Everything happened in February: work stuff, I moved my desk, moved my apartment, got sick, a polar vortex! February 2019 had everything, except for a well enough me to read the normal volume I am used to. But now that the books are put away and the furniture has been arranged, I wanted to share with you the delights and learnings from this second month.
Read Cover-to-Cover in February
What I Learned: Compelling Protagonists
Read the eARC I received from the author. Came out in February 2019. Vi was such a delight. She is a princess sent away from her family to maintain a tenuous peace between nations. With her day of return soon to come, she discovers she has more power than she originally thought. Kova really nailed Vi’s responses to learning that the world beyond her country is not what she had been thought. She’s angry, she’s skeptical, and it really makes me want to continue with her on that journey of multiple levels of discovery.
What I Learned: Balancing Heartfelt and Filthy
In this age-gap romance, a tattoo artist falls in love with a younger man who is too into graffiti. The way their relationship unfolds was very sweet, but the sex was hot, complete with so much tension and a Daddy kink. When I’m in duress, I need reliable reads, and the happy ending here does not disappoint.
What I Learned: Smart Dystopia
Read my Edelweiss eARC. Came out in February 2019. The way Mejia balances the familiar trappings of YA dystopia and very pointed political commentary around immigration is masterful. I can’t remember the last time I read this kind of story with this level of thoughtful parallelism to our world today.
What I Learned: Not Bringing in an Unnecessary Element
I thought Tsukuru’s narrative had been strong. A man kind of lost after his friends abandoned him as children, he’s trying to regain a sense of purpose and goes off to seek closure.
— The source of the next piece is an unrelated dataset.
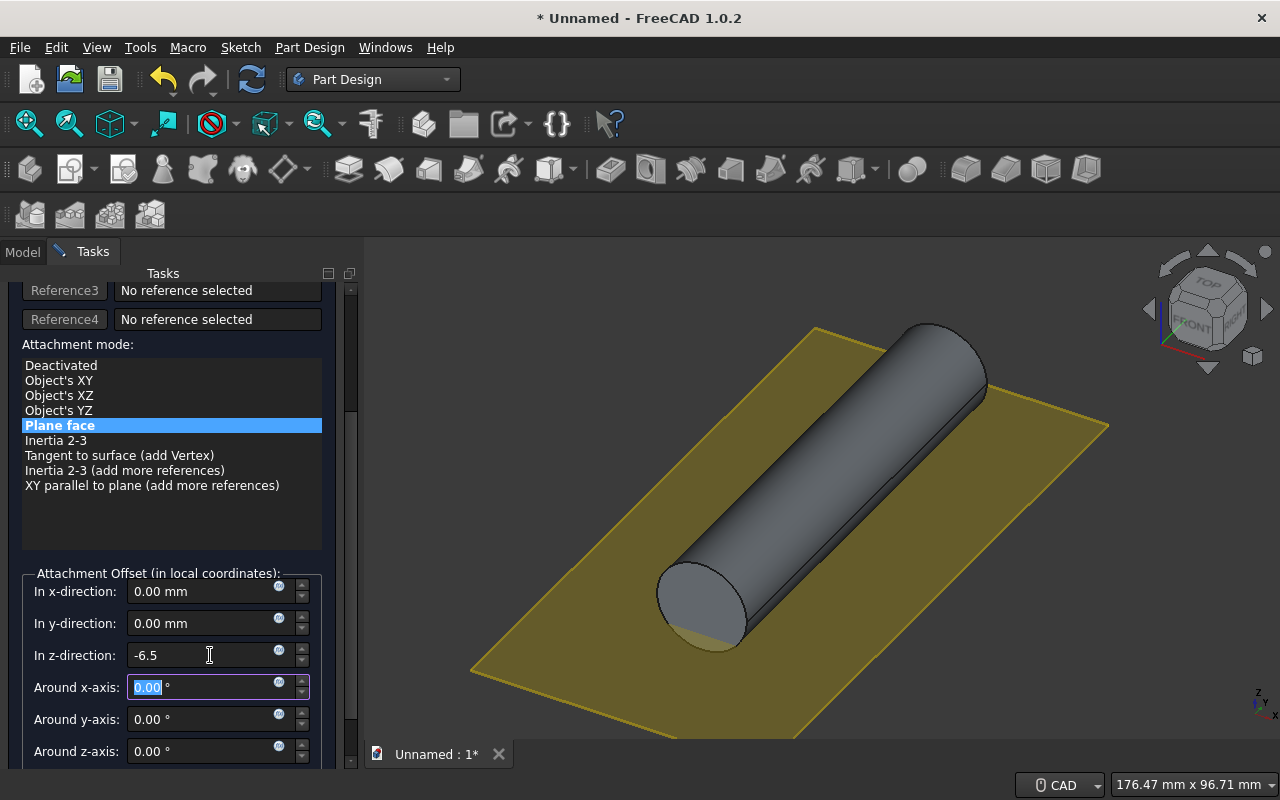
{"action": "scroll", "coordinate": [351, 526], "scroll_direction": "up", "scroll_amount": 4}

The reveal of his friends’ betrayal comes from a very uncomfortable place and I’m sure the book would have been much stronger without it.
What I Learned: Too Much World-building, Not Enough Context
World-building is a tricky art. You want something that presents itself to the reader organically, while at the same time introducing entirely new concepts. In the opening to The Witchlands, the grounding in the world felt very sudden and confusing. I will continue with the series and hope some things crystallize.
What I Learned: Less Thieving, More Intrigue
While heists and stealing things was definitely a major element in this follow-up to The Queen’s Thief, what really caught my interest was the political intrigue. Moving to third person gave the reader so much insight into how the world works and that there are things happening beyond Eugenides.
In March, I’ll be doing some traveling (going to Seattle), so that transit time gives me so much reading time.